We enjoyed many excellent speakers at a professional association meeting that I recently attended in Baltimore. One related a story about an insurance agent who sold a $14,000,000 case because he didn’t rush to judgment.
A successful businessman who attended his church came up to him at a social event and asked him to do a favor, “A guy just proposed a $3,000,000 permanent life insurance on me to protect the business that I own. How about running the numbers with your company and seeing if you can do any better?”
Rather than jumping at an opportunity to grab an easy case, the producer answered, “I would love to help you out but I can’t do what you’re asking.”
“What do you mean?” asked the incredulous business owner.
“Well, I have no idea if you need $3,000,000, $20,000.000 or none at all.

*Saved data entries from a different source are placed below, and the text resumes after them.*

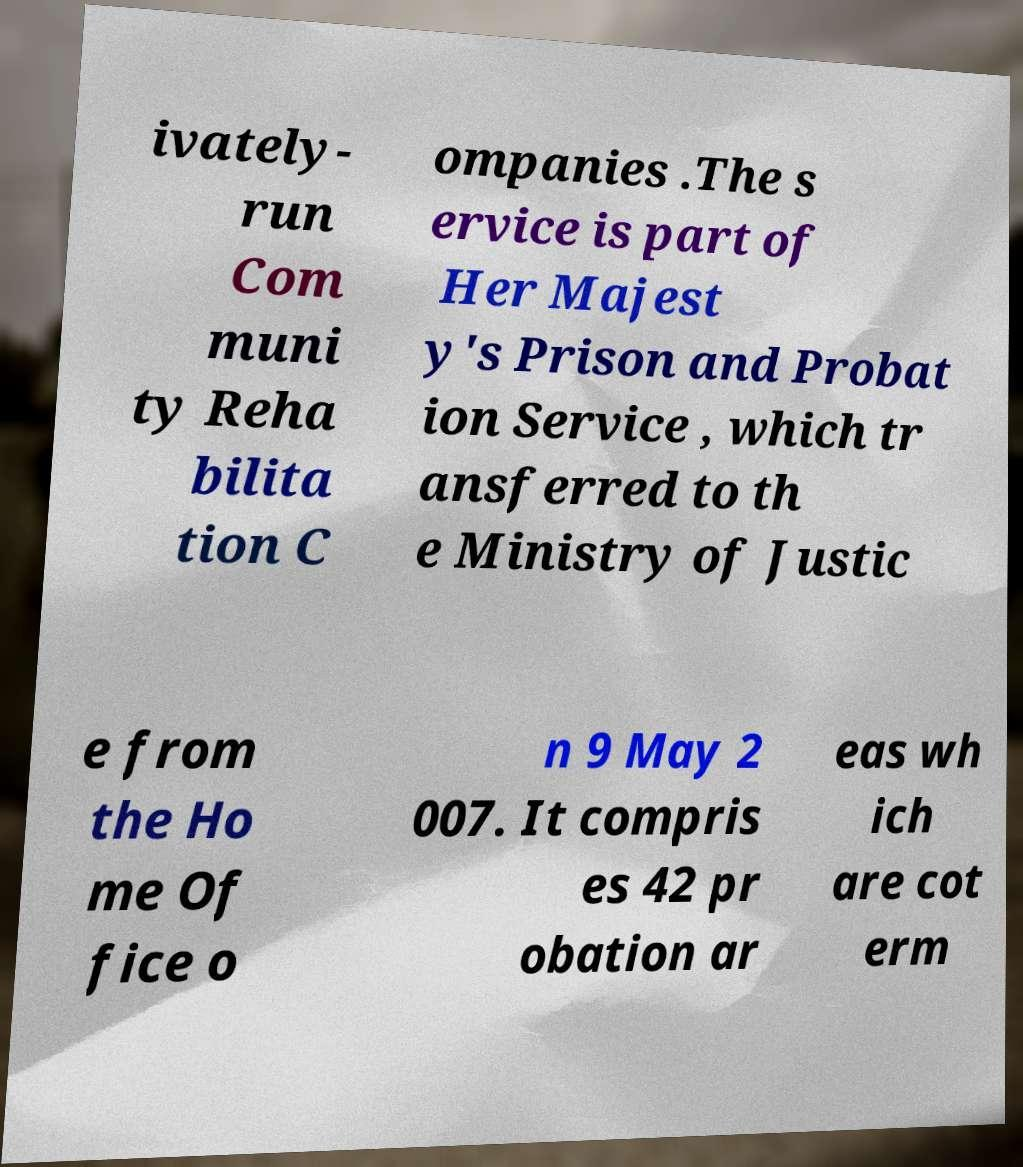Please identify and transcribe the text found in this image. ivately- run Com muni ty Reha bilita tion C ompanies .The s ervice is part of Her Majest y's Prison and Probat ion Service , which tr ansferred to th e Ministry of Justic e from the Ho me Of fice o n 9 May 2 007. It compris es 42 pr obation ar eas wh ich are cot erm 
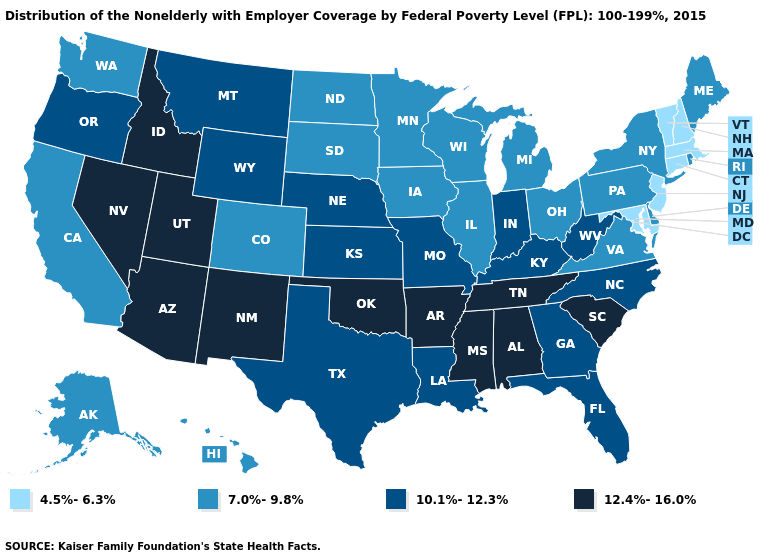What is the value of Massachusetts?
Write a very short answer. 4.5%-6.3%. Name the states that have a value in the range 4.5%-6.3%?
Give a very brief answer. Connecticut, Maryland, Massachusetts, New Hampshire, New Jersey, Vermont. Which states hav the highest value in the South?
Answer briefly. Alabama, Arkansas, Mississippi, Oklahoma, South Carolina, Tennessee. What is the value of Nevada?
Concise answer only. 12.4%-16.0%. Name the states that have a value in the range 10.1%-12.3%?
Write a very short answer. Florida, Georgia, Indiana, Kansas, Kentucky, Louisiana, Missouri, Montana, Nebraska, North Carolina, Oregon, Texas, West Virginia, Wyoming. What is the lowest value in the South?
Answer briefly. 4.5%-6.3%. Does the first symbol in the legend represent the smallest category?
Keep it brief. Yes. What is the value of Oregon?
Short answer required. 10.1%-12.3%. What is the value of Mississippi?
Short answer required. 12.4%-16.0%. Name the states that have a value in the range 4.5%-6.3%?
Be succinct. Connecticut, Maryland, Massachusetts, New Hampshire, New Jersey, Vermont. What is the value of Virginia?
Short answer required. 7.0%-9.8%. Among the states that border Washington , which have the lowest value?
Keep it brief. Oregon. Does Illinois have the lowest value in the USA?
Give a very brief answer. No. Which states have the highest value in the USA?
Answer briefly. Alabama, Arizona, Arkansas, Idaho, Mississippi, Nevada, New Mexico, Oklahoma, South Carolina, Tennessee, Utah. Does Virginia have the highest value in the USA?
Answer briefly. No. 
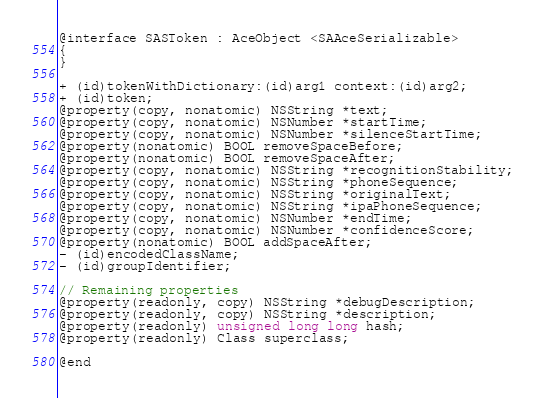<code> <loc_0><loc_0><loc_500><loc_500><_C_>@interface SASToken : AceObject <SAAceSerializable>
{
}

+ (id)tokenWithDictionary:(id)arg1 context:(id)arg2;
+ (id)token;
@property(copy, nonatomic) NSString *text;
@property(copy, nonatomic) NSNumber *startTime;
@property(copy, nonatomic) NSNumber *silenceStartTime;
@property(nonatomic) BOOL removeSpaceBefore;
@property(nonatomic) BOOL removeSpaceAfter;
@property(copy, nonatomic) NSString *recognitionStability;
@property(copy, nonatomic) NSString *phoneSequence;
@property(copy, nonatomic) NSString *originalText;
@property(copy, nonatomic) NSString *ipaPhoneSequence;
@property(copy, nonatomic) NSNumber *endTime;
@property(copy, nonatomic) NSNumber *confidenceScore;
@property(nonatomic) BOOL addSpaceAfter;
- (id)encodedClassName;
- (id)groupIdentifier;

// Remaining properties
@property(readonly, copy) NSString *debugDescription;
@property(readonly, copy) NSString *description;
@property(readonly) unsigned long long hash;
@property(readonly) Class superclass;

@end

</code>

Do you know what your business is worth?”
“Not really. I’m too busy running it every day and assumed that the agent figured that out.”
You can guess where this is all going.
Agent ‘Ethical Guy’ said there wasn’t enough information to make an informed decision of that magnitude and suggested that the business-owner get a third party valuation of his company.
Mr. Business Owner agreed.
When the unbiased appraisal came back with a valuation of $14,000,000–the proposal from agent ‘Lazy Guy’ got thrown into the shredder. Agent ‘Ethical Guy’ sold a huge case and performed an excellent service for his new client.
As a small-business owner selling a service or tangible product, you can learn much from the above story. When not in your shop you are a customer just like everyone else and I am willing to bet that you occasionally go into stores looking for something that you know very little about. In such a case, you are seeking a competent and honest salesperson to lead you in the right direction. You want to be properly informed about the positives and negatives before making a purchase.
The people who seek you out in your business are no different. Listen to their wants and needs. Take the time to properly inform them of important aspects of their desires. Then, and only then, make a recommendation based on your expertise.
You may be surprised by the whale you reel in rather than the small-mouth bass that was originally on the line.